§ **Input material**:
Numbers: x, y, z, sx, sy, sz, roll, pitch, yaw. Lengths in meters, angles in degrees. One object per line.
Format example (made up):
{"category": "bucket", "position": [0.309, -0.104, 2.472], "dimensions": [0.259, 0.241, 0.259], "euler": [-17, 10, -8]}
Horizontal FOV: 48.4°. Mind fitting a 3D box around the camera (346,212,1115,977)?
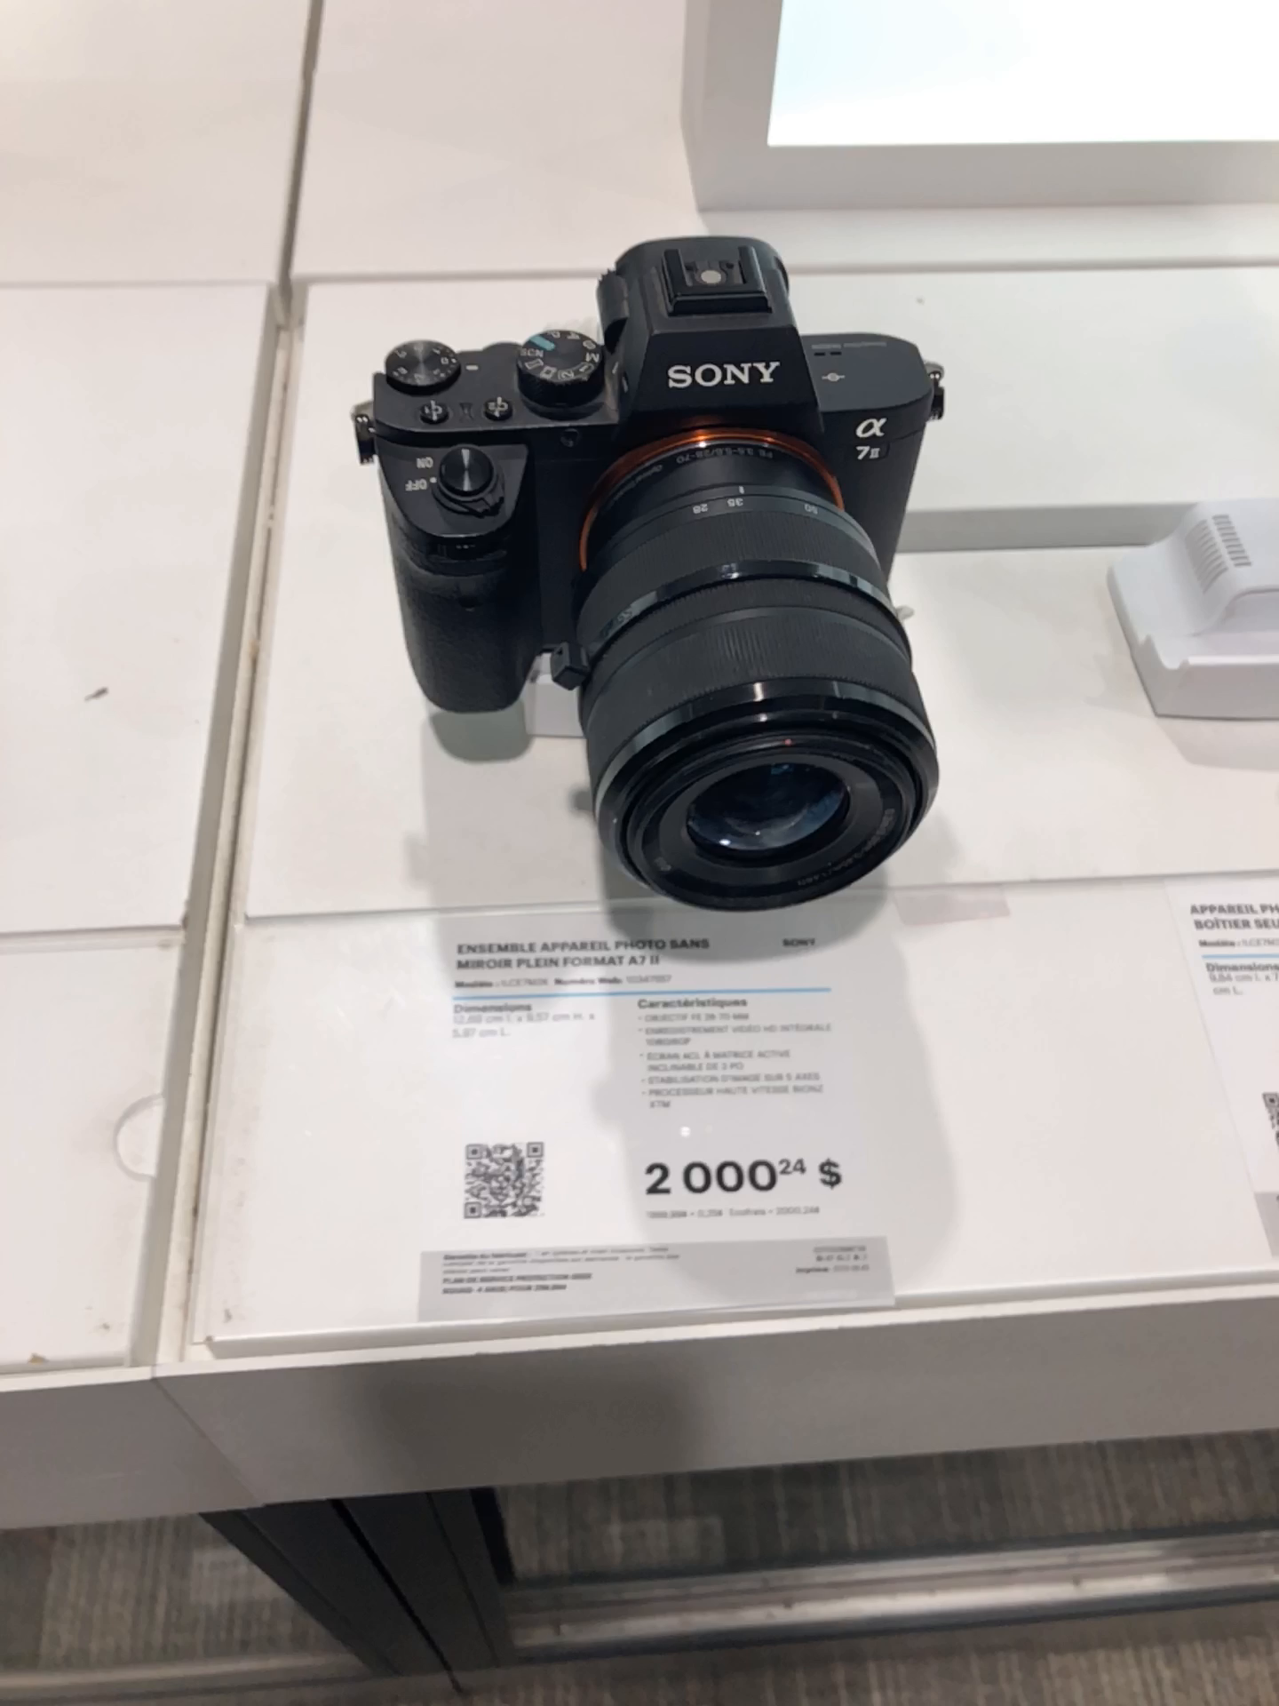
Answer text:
{"category": "camera", "position": [0.008, -0.060, 0.322], "dimensions": [0.134, 0.099, 0.131], "euler": [-5, 54, -5]}
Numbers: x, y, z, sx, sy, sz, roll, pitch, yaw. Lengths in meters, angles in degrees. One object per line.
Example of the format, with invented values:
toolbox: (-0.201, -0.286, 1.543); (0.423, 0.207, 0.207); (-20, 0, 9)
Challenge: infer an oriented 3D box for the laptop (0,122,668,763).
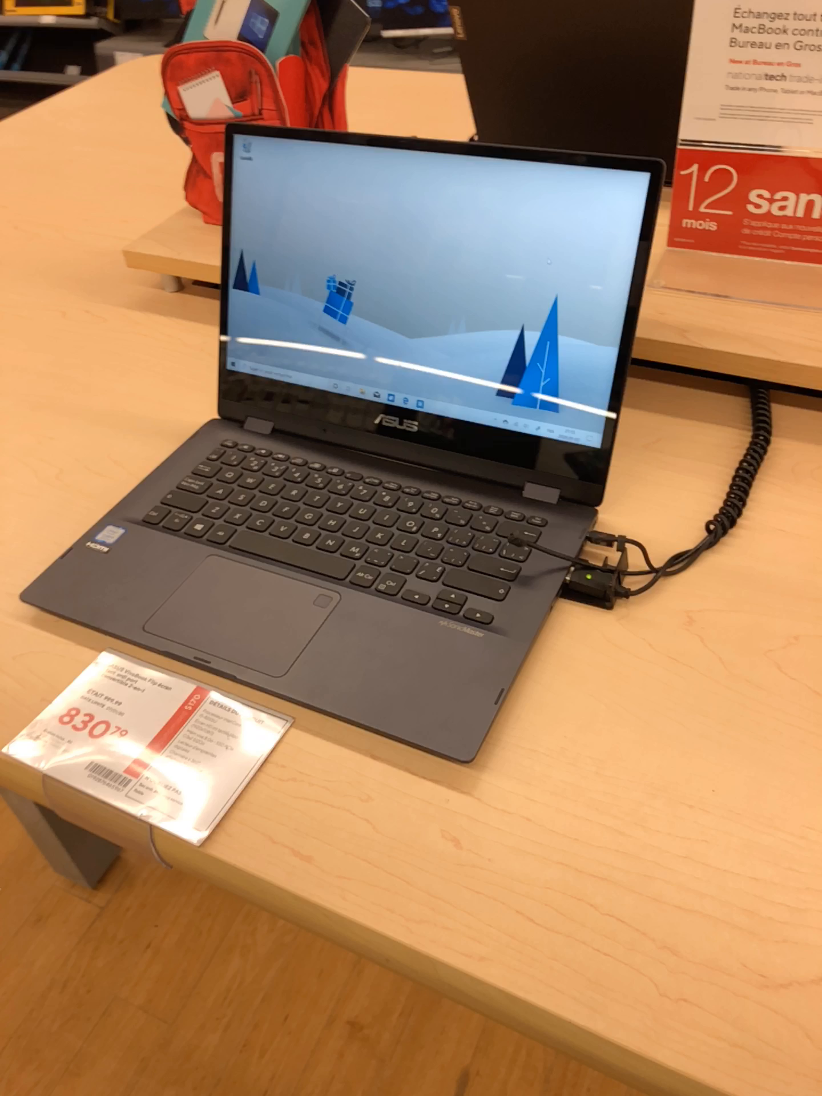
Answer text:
laptop: (-0.048, -0.099, 0.563); (0.313, 0.188, 0.314); (16, 47, 23)
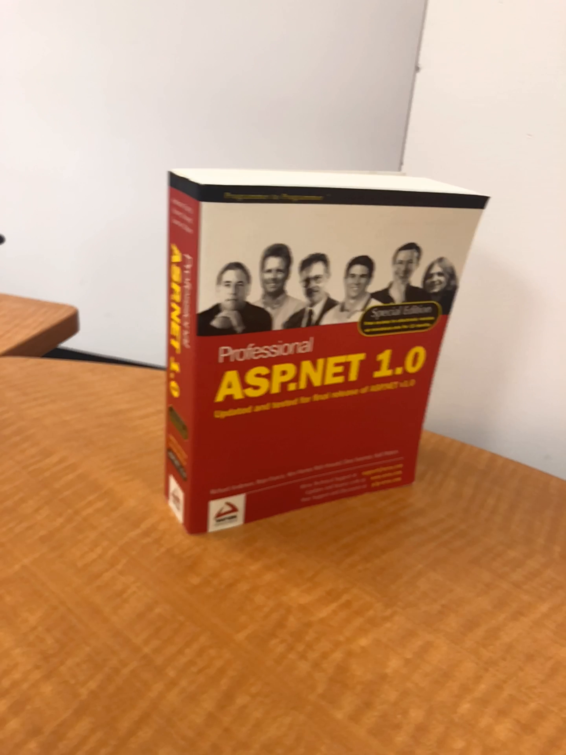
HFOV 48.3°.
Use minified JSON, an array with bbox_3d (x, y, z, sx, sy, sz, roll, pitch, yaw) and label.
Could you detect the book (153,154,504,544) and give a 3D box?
[{"bbox_3d":[0.025,-0.020,0.420,0.210,0.229,0.050,-7,28,-26],"label":"book"}]
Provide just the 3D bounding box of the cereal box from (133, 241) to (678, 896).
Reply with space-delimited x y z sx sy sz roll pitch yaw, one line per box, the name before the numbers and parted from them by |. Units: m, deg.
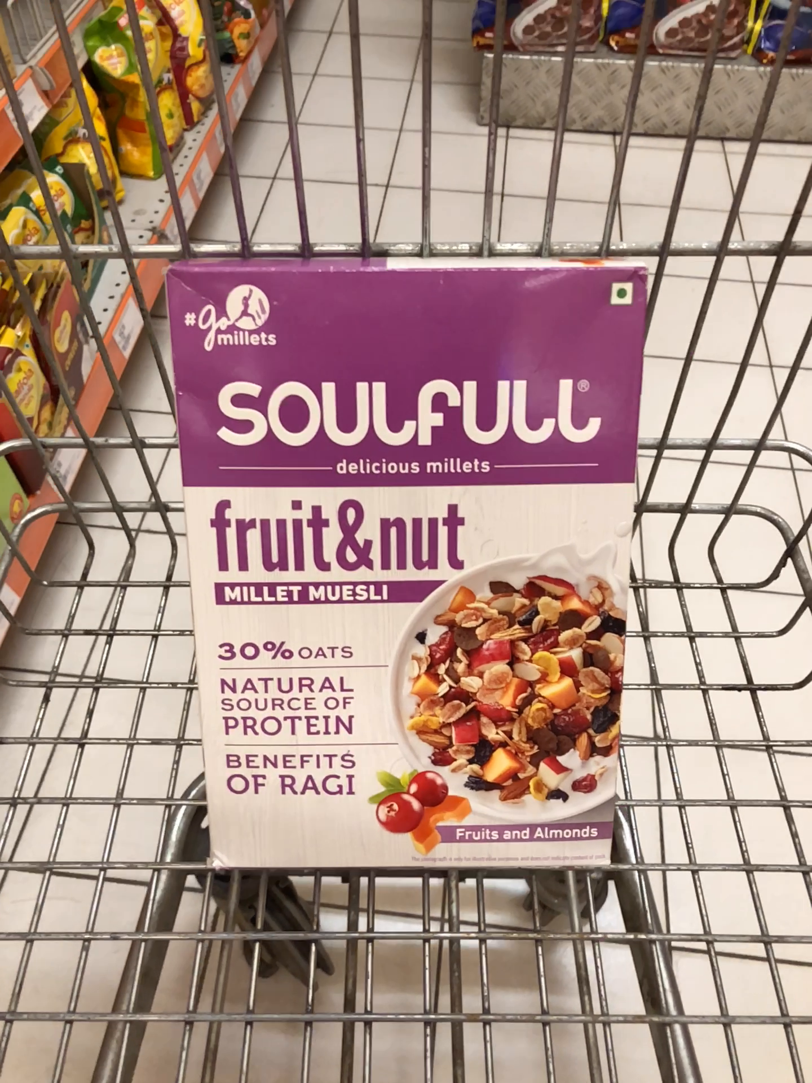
cereal box | 0.000 0.011 0.348 0.170 0.239 0.070 -1 17 -1
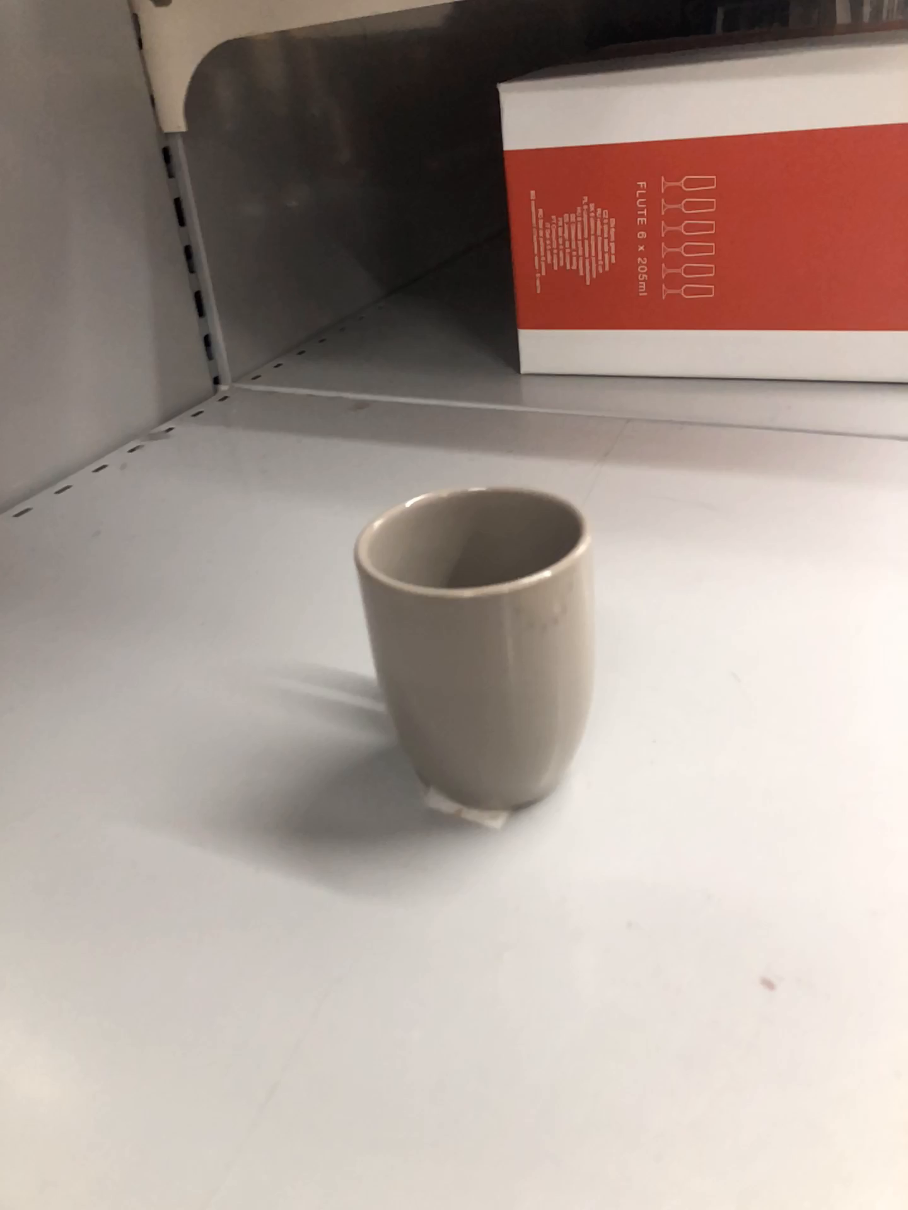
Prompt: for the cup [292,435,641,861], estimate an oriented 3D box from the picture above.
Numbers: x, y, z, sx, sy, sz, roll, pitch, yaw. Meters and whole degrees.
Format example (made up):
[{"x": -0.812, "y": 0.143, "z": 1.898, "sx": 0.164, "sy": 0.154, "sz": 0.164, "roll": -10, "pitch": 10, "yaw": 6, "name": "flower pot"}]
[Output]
[{"x": 0.000, "y": 0.005, "z": 0.264, "sx": 0.064, "sy": 0.062, "sz": 0.092, "roll": -13, "pitch": 32, "yaw": -11, "name": "cup"}]

§ **About this exercise**:
Please retype the records above exactly, excluding every picture.

§ **Result**:
Numbers: x, y, z, sx, sy, sz, roll, pitch, yaw. Lengths in meters, angles in degrees. One object per line.
Format example (made up):
{"category": "bucket", "position": [0.309, -0.104, 2.472], "dimensions": [0.259, 0.241, 0.259], "euler": [-17, 10, -8]}
Horizontal FOV: 48.4°. Mind fitting a 3D box around the camera (346,212,1115,977)?
Answer text:
{"category": "camera", "position": [0.008, -0.060, 0.322], "dimensions": [0.134, 0.099, 0.131], "euler": [-5, 54, -5]}
Numbers: x, y, z, sx, sy, sz, roll, pitch, yaw. Lengths in meters, angles in degrees. One object per line.
Example of the format, with invented values:
toolbox: (-0.201, -0.286, 1.543); (0.423, 0.207, 0.207); (-20, 0, 9)
Challenge: infer an oriented 3D box for the laptop (0,122,668,763).
Answer text:
laptop: (-0.048, -0.099, 0.563); (0.313, 0.188, 0.314); (16, 47, 23)
HFOV 48.3°.
Use minified JSON, an array with bbox_3d (x, y, z, sx, sy, sz, roll, pitch, yaw) and label.
Could you detect the book (153,154,504,544) and give a 3D box?
[{"bbox_3d":[0.025,-0.020,0.420,0.210,0.229,0.050,-7,28,-26],"label":"book"}]
Provide just the 3D bounding box of the cereal box from (133, 241) to (678, 896).
Reply with space-delimited x y z sx sy sz roll pitch yaw, one line per box, the name before the numbers and parted from them by |. Units: m, deg.
cereal box | 0.000 0.011 0.348 0.170 0.239 0.070 -1 17 -1
Prompt: for the cup [292,435,641,861], estimate an oriented 3D box from the picture above.
Numbers: x, y, z, sx, sy, sz, roll, pitch, yaw. Meters and whole degrees.
Format example (made up):
[{"x": -0.812, "y": 0.143, "z": 1.898, "sx": 0.164, "sy": 0.154, "sz": 0.164, "roll": -10, "pitch": 10, "yaw": 6, "name": "flower pot"}]
[Output]
[{"x": 0.000, "y": 0.005, "z": 0.264, "sx": 0.064, "sy": 0.062, "sz": 0.092, "roll": -13, "pitch": 32, "yaw": -11, "name": "cup"}]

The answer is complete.